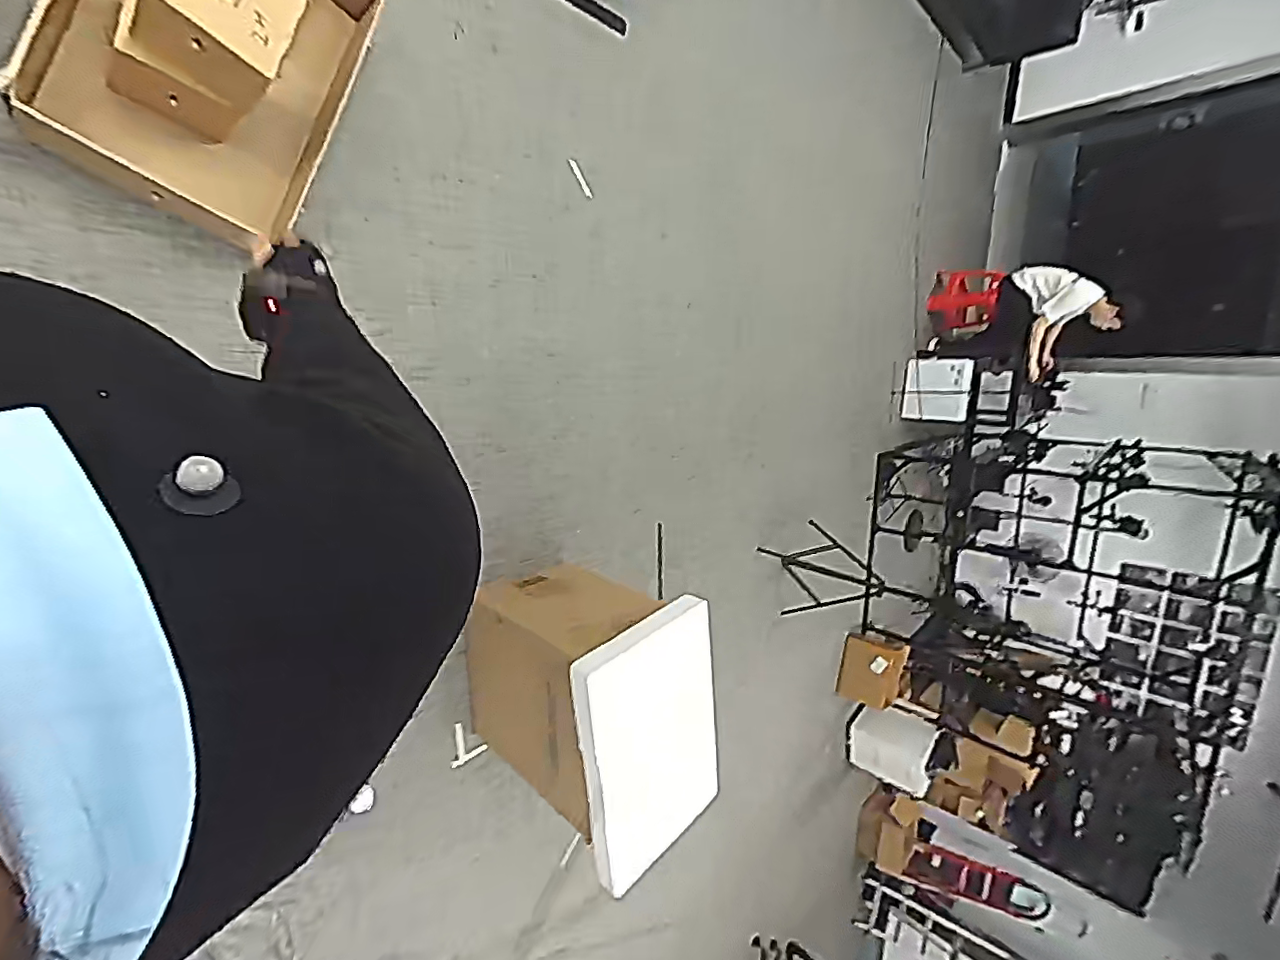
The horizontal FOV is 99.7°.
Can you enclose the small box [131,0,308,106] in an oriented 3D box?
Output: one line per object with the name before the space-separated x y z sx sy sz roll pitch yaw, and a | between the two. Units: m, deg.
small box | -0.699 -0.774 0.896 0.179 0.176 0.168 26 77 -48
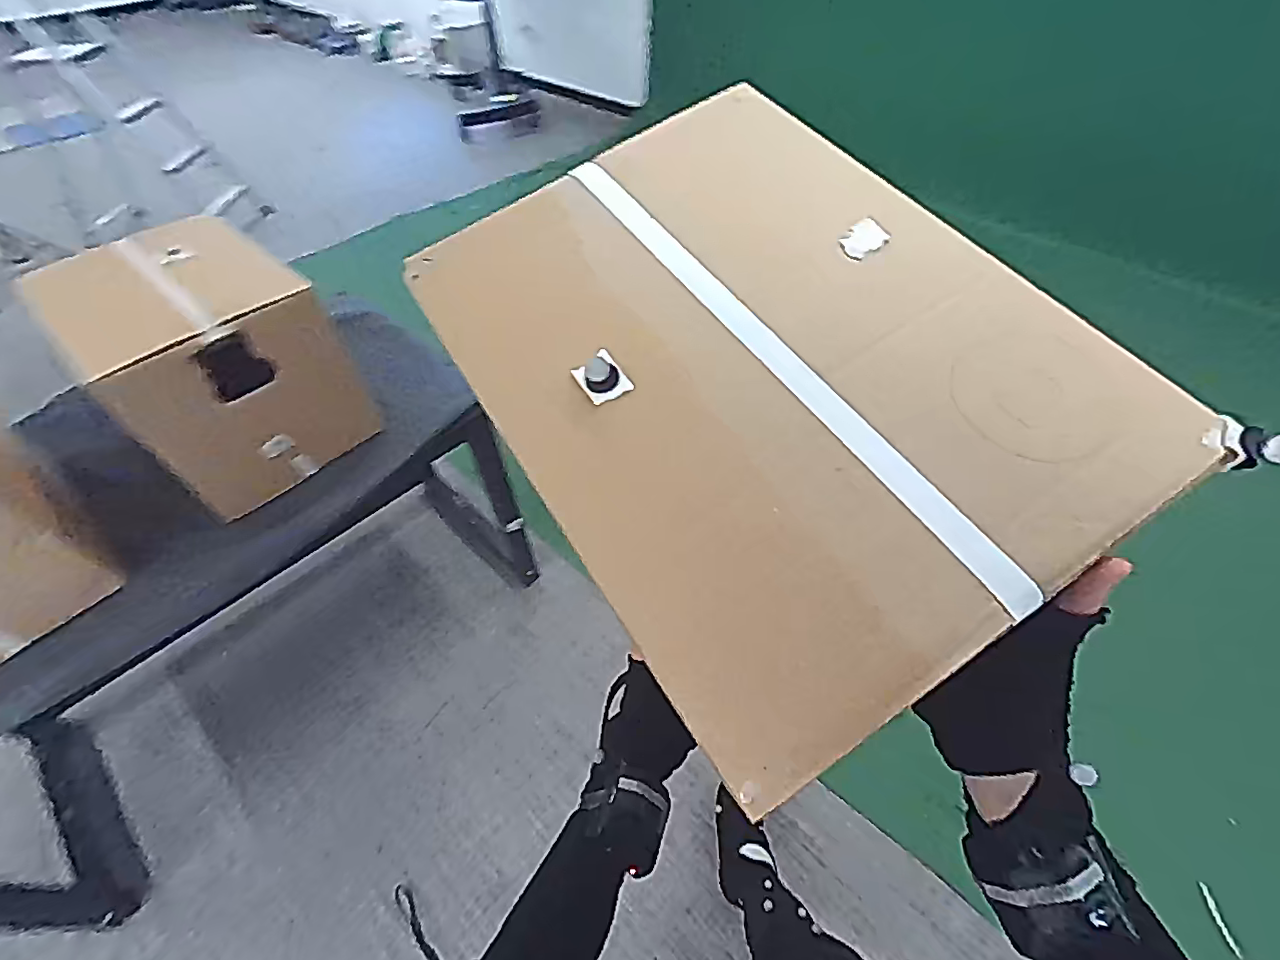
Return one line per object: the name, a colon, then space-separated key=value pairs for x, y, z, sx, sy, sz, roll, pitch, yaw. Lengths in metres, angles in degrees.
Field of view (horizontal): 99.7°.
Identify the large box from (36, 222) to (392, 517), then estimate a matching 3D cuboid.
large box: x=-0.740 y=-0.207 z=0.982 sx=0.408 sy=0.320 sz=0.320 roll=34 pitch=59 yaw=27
..........
EXERCISE GOAL: Would you retype each line above exactly and skip every image?

ANSWER TO THIS PROBLEM:
The horizontal FOV is 99.7°.
Can you enclose the small box [131,0,308,106] in an oriented 3D box?
Output: one line per object with the name before the space-separated x y z sx sy sz roll pitch yaw, and a | between the two. Units: m, deg.
small box | -0.699 -0.774 0.896 0.179 0.176 0.168 26 77 -48
Return one line per object: the name, a colon, then space-separated key=value pairs for x, y, z, sx, sy, sz, roll, pitch, yaw. Lengths in metres, angles in degrees.
Field of view (horizontal): 99.7°.
Identify the large box from (36, 222) to (392, 517), then estimate a matching 3D cuboid.
large box: x=-0.740 y=-0.207 z=0.982 sx=0.408 sy=0.320 sz=0.320 roll=34 pitch=59 yaw=27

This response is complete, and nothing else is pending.